The Federal Deposit Insurance Corporation has proposed new rules for stablecoins. This action is the next step after the signing of the Guiding and Establishing National Innovation for US Stablecoins Act 9 months ago. The idea is to ensure that digital payments are safer and more reliable to users.

FDIC moves to tighten stablecoin oversight under GENIUS Act

An official update states that a new proposal was approved by the FDIC Board. This proposal establishes regulations for issuers of stablecoins that are under its oversight. It encompasses reserve standards, redemption systems and capital requirement standards. The purpose of these rules is to make sure that stablecoins are stable and safe.

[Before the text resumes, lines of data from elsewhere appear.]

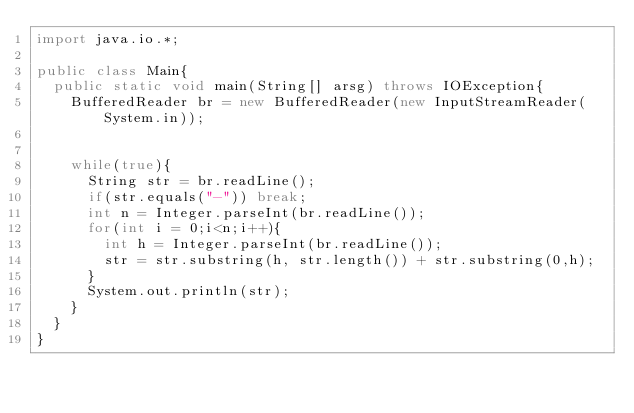<code> <loc_0><loc_0><loc_500><loc_500><_Java_>import java.io.*;

public class Main{
	public static void main(String[] arsg) throws IOException{
		BufferedReader br = new BufferedReader(new InputStreamReader(System.in));
		

		while(true){
			String str = br.readLine();
			if(str.equals("-")) break;
			int n = Integer.parseInt(br.readLine());
			for(int i = 0;i<n;i++){
				int h = Integer.parseInt(br.readLine());
				str = str.substring(h, str.length()) + str.substring(0,h);
			}
			System.out.println(str);
		}
	}
}</code>

In addition, the proposal points out effective risk management practices among issuers. To minimize financial risks, companies need to take stringent safety measures. Moreover, they should have sufficient reserve resources at any given time. This will make sure that users can redeem their stablecoins at any time.

Related Reading: Coinbase Pushes Stablecoins and DeFi Future

The FDIC also came up with the custodial and safekeeping service rules. Banks can keep reserves in stablecoins or insure customer assets. Thus, these institutions will be under strict control. This is done to minimize the chances of loss, fraud or misuse.

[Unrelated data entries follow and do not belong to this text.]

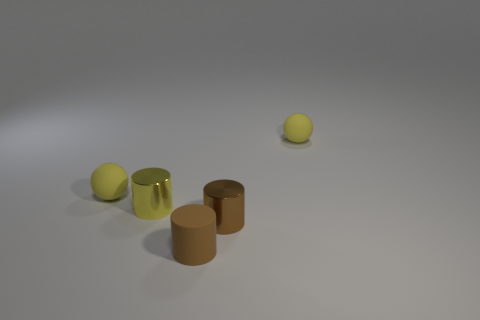Are there any small cubes made of the same material as the yellow cylinder?
Offer a terse response. No. What is the shape of the brown rubber thing?
Your answer should be very brief. Cylinder. Do the yellow cylinder and the brown metallic object have the same size?
Offer a terse response. Yes. What number of other things are the same shape as the yellow metallic thing?
Keep it short and to the point. 2. The shiny object to the left of the rubber cylinder has what shape?
Ensure brevity in your answer.  Cylinder. There is a tiny yellow metallic object that is to the left of the small brown rubber thing; does it have the same shape as the tiny object that is in front of the brown metal cylinder?
Keep it short and to the point. Yes. Are there the same number of tiny brown cylinders that are in front of the brown metallic thing and tiny yellow metal things?
Offer a very short reply. Yes. Are there any other things that have the same size as the brown metallic cylinder?
Keep it short and to the point. Yes. There is a small yellow object that is the same shape as the brown rubber thing; what is its material?
Ensure brevity in your answer.  Metal. The brown matte thing that is to the left of the tiny matte sphere on the right side of the yellow metallic object is what shape?
Ensure brevity in your answer.  Cylinder.

In addition, the proposal describes pass-through insurance of reserves. This implies that deposits that support stablecoins can be insured in some circumstances. It also establishes that tokenized deposits will be considered as regular deposits. This consequently gives greater transparency to financial institutions.

FDIC has initiated a 60-day open period of feedback. Companies and experts are able to study the proposal during this period. The agency also posed 144 detailed questions to direct responses. This methodology will make sure that alternative opinions are taken into consideration.

Second FDIC proposal signals broader stablecoin regulatory push

Notably, this is the second proposal in the GENIUS Act. On December 19, 2025, the FDIC announced another proposal. That plan revolved around the way banks can apply to issue stablecoins via subsidiaries. Thus, the new proposal is based on previous regulatory initiatives.

Stablecoins have gained momentum in the recent years because of the accelerated payments. They enable the users to transfer money internationally with ease and speed. This growth has however also brought about concerns over safety and transparency. Thus, regulators are now desiring more robust regulations to control risks.

In the meantime, the world is becoming more interested in regulating stablecoins. Similar rules concerning digital payments are being developed in many countries. The US is now proceeding with more definite policies. This may affect the way other countries formulate their own policies.

In addition, these rules could impact banks, fintech companies, and payment firms. Companies might have to revise systems in order to comply with new standards. This can add to the expenses, but it can enhance confidence in digital finance. Consequently, the number of users who use stablecoins can increase in the future.

Overall, the FDIC proposal will be an important move towards the regulation of the stablecoins. It seeks to strike the right balance between innovativeness and high levels of financial safety. Final rules can soon emerge as feedback is received. Thus, significant shifts in the stablecoin market may occur within the next few months.